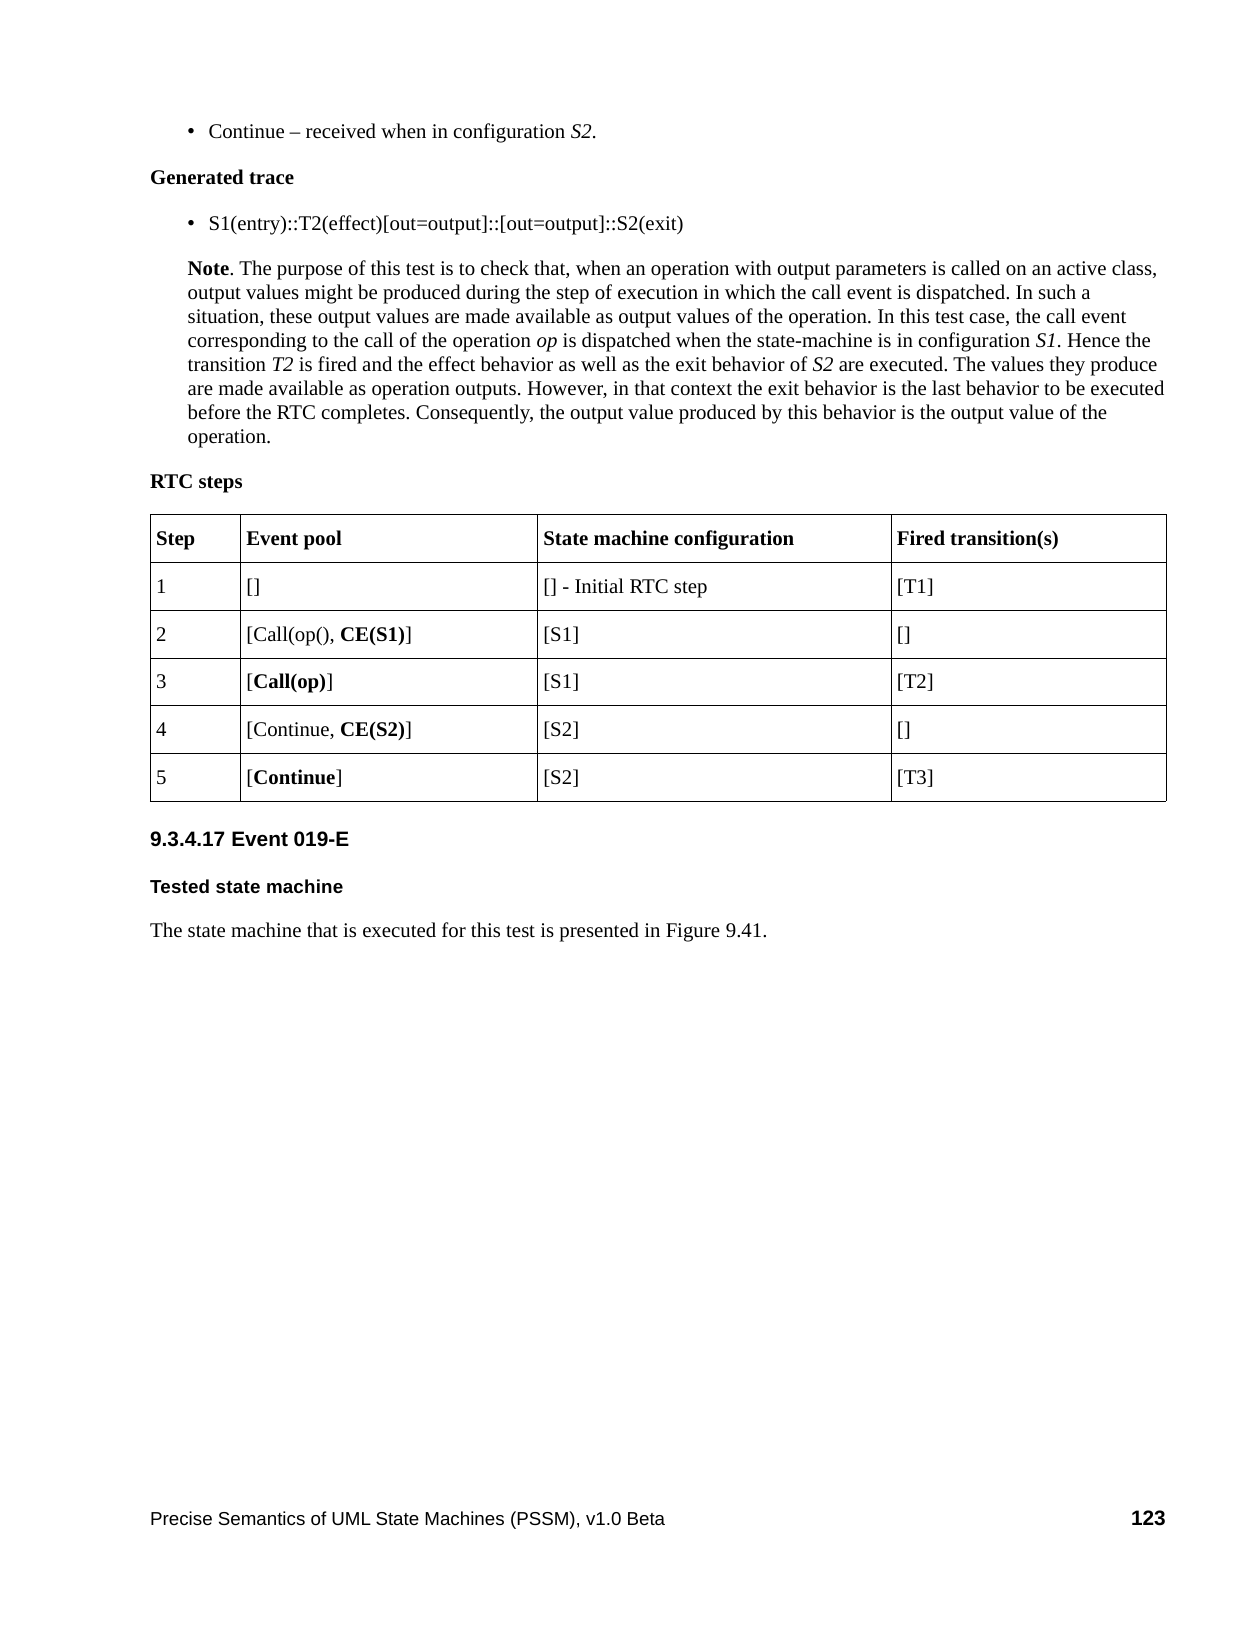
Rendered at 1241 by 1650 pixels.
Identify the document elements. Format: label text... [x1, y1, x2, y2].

table_header State machine configuration [538, 515, 891, 562]
text Note. The purpose of this test is to check that, when an operation with output parameters is called on an active class, output values might be produced during the step of execution in which the call event is dispatched. In such a situation, these output values are made available as output values of the operation. In this test case, the call event corresponding to the call of the operation op is dispatched when the state-machine is in configuration S1. Hence the transition T2 is fired and the effect behavior as well as the exit behavior of S2 are executed. The values they produce are made available as operation outputs. However, in that context the exit behavior is the last behavior to be executed before the RTC completes. Consequently, the output value produced by this behavior is the output value of the operation. [187, 256, 1166, 448]
table_cell [Call(op(), CE(S1)] [241, 611, 537, 657]
table_cell [S2] [538, 754, 891, 801]
table_header Step [151, 515, 240, 562]
table_cell 1 [151, 563, 240, 610]
subtitle Event 019-E [150, 826, 1166, 851]
table_cell [S1] [538, 659, 891, 705]
table_cell [Call(op)] [241, 659, 537, 705]
table_cell [] - Initial RTC step [538, 563, 891, 610]
text The state machine that is executed for this test is presented in Figure 9.41. [150, 918, 1166, 942]
table_cell [Continue, CE(S2)] [241, 706, 537, 753]
table_cell 5 [151, 754, 240, 801]
list Continue – received when in configuration S2. [187, 118, 1166, 143]
list S1(entry)::T2(effect)[out=output]::[out=output]::S2(exit) [187, 210, 1166, 235]
table_cell [] [892, 706, 1166, 753]
text RTC steps [150, 469, 1166, 493]
table_header Fired transition(s) [892, 515, 1166, 562]
table_cell 2 [151, 611, 240, 657]
table_cell [T3] [892, 754, 1166, 801]
table_cell [T1] [892, 563, 1166, 610]
table_cell [S1] [538, 611, 891, 657]
table_cell [S2] [538, 706, 891, 753]
table_cell [T2] [892, 659, 1166, 705]
table_cell [] [892, 611, 1166, 657]
text Generated trace [150, 164, 1166, 189]
table_header Event pool [241, 515, 537, 562]
table_cell 4 [151, 706, 240, 753]
table_cell [Continue] [241, 754, 537, 801]
table_cell [] [241, 563, 537, 610]
subtitle Tested state machine [150, 876, 1166, 897]
table_cell 3 [151, 659, 240, 705]
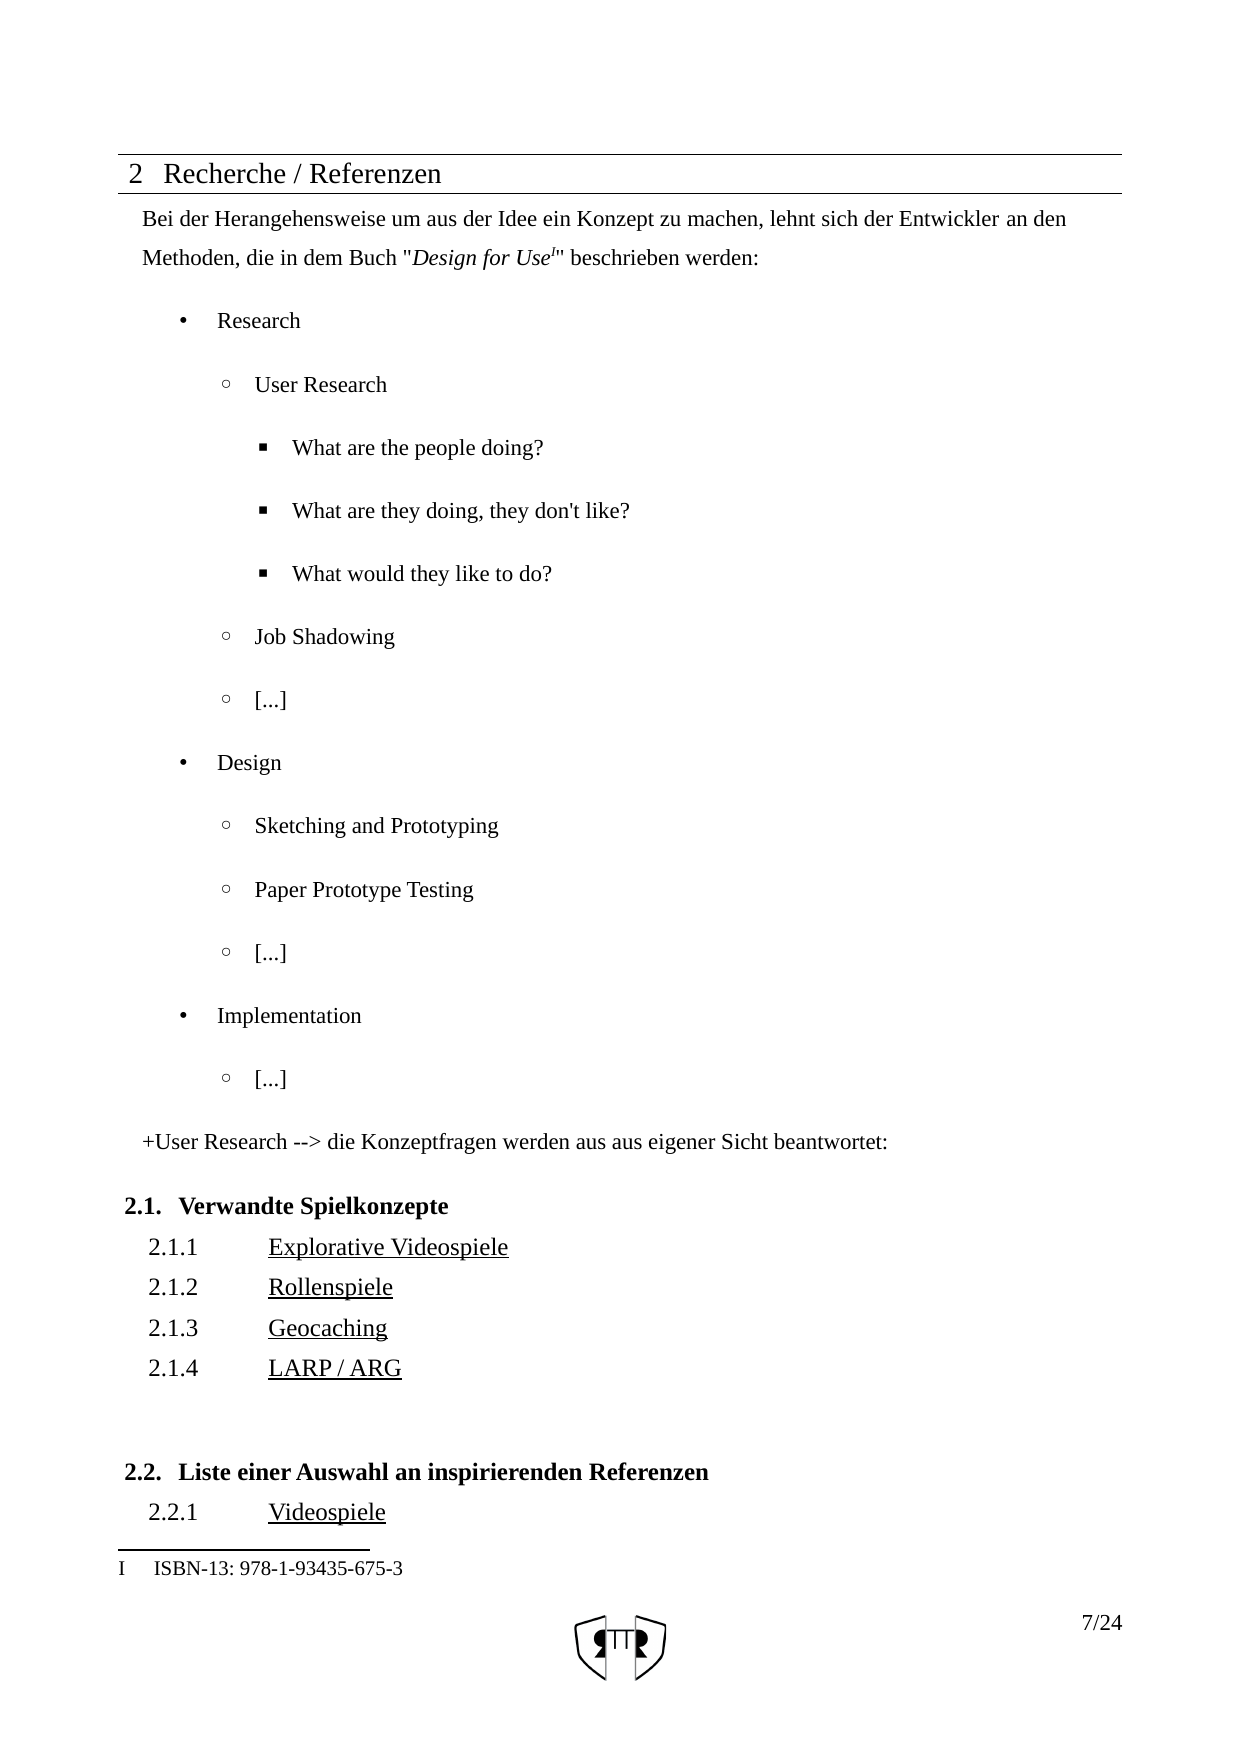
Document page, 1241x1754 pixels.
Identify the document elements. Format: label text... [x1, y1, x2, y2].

subtitle Explorative Videospiele [142, 1232, 1122, 1261]
list What are the people doing? [254, 434, 1122, 460]
list Job Shadowing [217, 623, 1122, 649]
subtitle Verwandte Spielkonzepte [124, 1191, 1122, 1220]
list What would they like to do? [254, 560, 1122, 586]
list Research [179, 307, 1122, 334]
picture [574, 1615, 667, 1681]
subtitle Liste einer Auswahl an inspirierenden Referenzen [124, 1457, 1122, 1486]
text Bei der Herangehensweise um aus der Idee ein Konzept zu machen, lehnt sich der Entwickler an den Methoden, die in dem Buch "Design for Use" beschrieben werden: [142, 205, 1122, 271]
text ISBN-13: 978-1-93435-675-3 [118, 1556, 1122, 1580]
text +User Research --> die Konzeptfragen werden aus aus eigener Sicht beantwortet: [142, 1128, 1122, 1154]
subtitle Videospiele [142, 1497, 1122, 1526]
list Paper Prototype Testing [217, 876, 1122, 902]
subtitle Rollenspiele [142, 1272, 1122, 1301]
list Design [179, 749, 1122, 776]
list User Research [217, 371, 1122, 397]
list Implementation [179, 1002, 1122, 1028]
list What are they doing, they don't like? [254, 497, 1122, 523]
subtitle Geocaching [142, 1313, 1122, 1342]
subtitle LARP / ARG [142, 1353, 1122, 1382]
subtitle Recherche / Referenzen [118, 155, 1122, 193]
list [...] [217, 939, 1122, 965]
list [...] [217, 686, 1122, 713]
list [...] [217, 1065, 1122, 1091]
list Sketching and Prototyping [217, 812, 1122, 839]

» Assigned task: Please copy out the whole listing exactly, minus its pictures.

» Solution for this problem:
Rendered at 1241 by 1650 pixels.
Identify the document elements. Format: label text... [x1, y1, x2, y2].

table_header State machine configuration [538, 515, 891, 562]
text Note. The purpose of this test is to check that, when an operation with output parameters is called on an active class, output values might be produced during the step of execution in which the call event is dispatched. In such a situation, these output values are made available as output values of the operation. In this test case, the call event corresponding to the call of the operation op is dispatched when the state-machine is in configuration S1. Hence the transition T2 is fired and the effect behavior as well as the exit behavior of S2 are executed. The values they produce are made available as operation outputs. However, in that context the exit behavior is the last behavior to be executed before the RTC completes. Consequently, the output value produced by this behavior is the output value of the operation. [187, 256, 1166, 448]
table_cell [Call(op(), CE(S1)] [241, 611, 537, 657]
table_cell [S2] [538, 754, 891, 801]
table_header Step [151, 515, 240, 562]
table_cell 1 [151, 563, 240, 610]
subtitle Event 019-E [150, 826, 1166, 851]
table_cell [S1] [538, 659, 891, 705]
table_cell [Call(op)] [241, 659, 537, 705]
table_cell [] - Initial RTC step [538, 563, 891, 610]
text The state machine that is executed for this test is presented in Figure 9.41. [150, 918, 1166, 942]
table_cell [Continue, CE(S2)] [241, 706, 537, 753]
table_cell 5 [151, 754, 240, 801]
list Continue – received when in configuration S2. [187, 118, 1166, 143]
list S1(entry)::T2(effect)[out=output]::[out=output]::S2(exit) [187, 210, 1166, 235]
table_cell [] [892, 706, 1166, 753]
text RTC steps [150, 469, 1166, 493]
table_header Fired transition(s) [892, 515, 1166, 562]
table_cell 2 [151, 611, 240, 657]
table_cell [T3] [892, 754, 1166, 801]
table_cell [T1] [892, 563, 1166, 610]
table_cell [S1] [538, 611, 891, 657]
table_cell [S2] [538, 706, 891, 753]
table_cell [T2] [892, 659, 1166, 705]
table_cell [] [892, 611, 1166, 657]
text Generated trace [150, 164, 1166, 189]
table_header Event pool [241, 515, 537, 562]
table_cell 4 [151, 706, 240, 753]
table_cell [Continue] [241, 754, 537, 801]
table_cell [] [241, 563, 537, 610]
subtitle Tested state machine [150, 876, 1166, 897]
table_cell 3 [151, 659, 240, 705]
Document page, 1241x1754 pixels.
Identify the document elements. Format: label text... [x1, y1, x2, y2].

subtitle Explorative Videospiele [142, 1232, 1122, 1261]
list What are the people doing? [254, 434, 1122, 460]
list Job Shadowing [217, 623, 1122, 649]
subtitle Verwandte Spielkonzepte [124, 1191, 1122, 1220]
list What would they like to do? [254, 560, 1122, 586]
list Research [179, 307, 1122, 334]
picture [574, 1615, 667, 1681]
subtitle Liste einer Auswahl an inspirierenden Referenzen [124, 1457, 1122, 1486]
text Bei der Herangehensweise um aus der Idee ein Konzept zu machen, lehnt sich der Entwickler an den Methoden, die in dem Buch "Design for Use" beschrieben werden: [142, 205, 1122, 271]
text ISBN-13: 978-1-93435-675-3 [118, 1556, 1122, 1580]
text +User Research --> die Konzeptfragen werden aus aus eigener Sicht beantwortet: [142, 1128, 1122, 1154]
subtitle Videospiele [142, 1497, 1122, 1526]
list Paper Prototype Testing [217, 876, 1122, 902]
subtitle Rollenspiele [142, 1272, 1122, 1301]
list Design [179, 749, 1122, 776]
list User Research [217, 371, 1122, 397]
list Implementation [179, 1002, 1122, 1028]
list What are they doing, they don't like? [254, 497, 1122, 523]
subtitle Geocaching [142, 1313, 1122, 1342]
subtitle LARP / ARG [142, 1353, 1122, 1382]
subtitle Recherche / Referenzen [118, 155, 1122, 193]
list [...] [217, 939, 1122, 965]
list [...] [217, 686, 1122, 713]
list [...] [217, 1065, 1122, 1091]
list Sketching and Prototyping [217, 812, 1122, 839]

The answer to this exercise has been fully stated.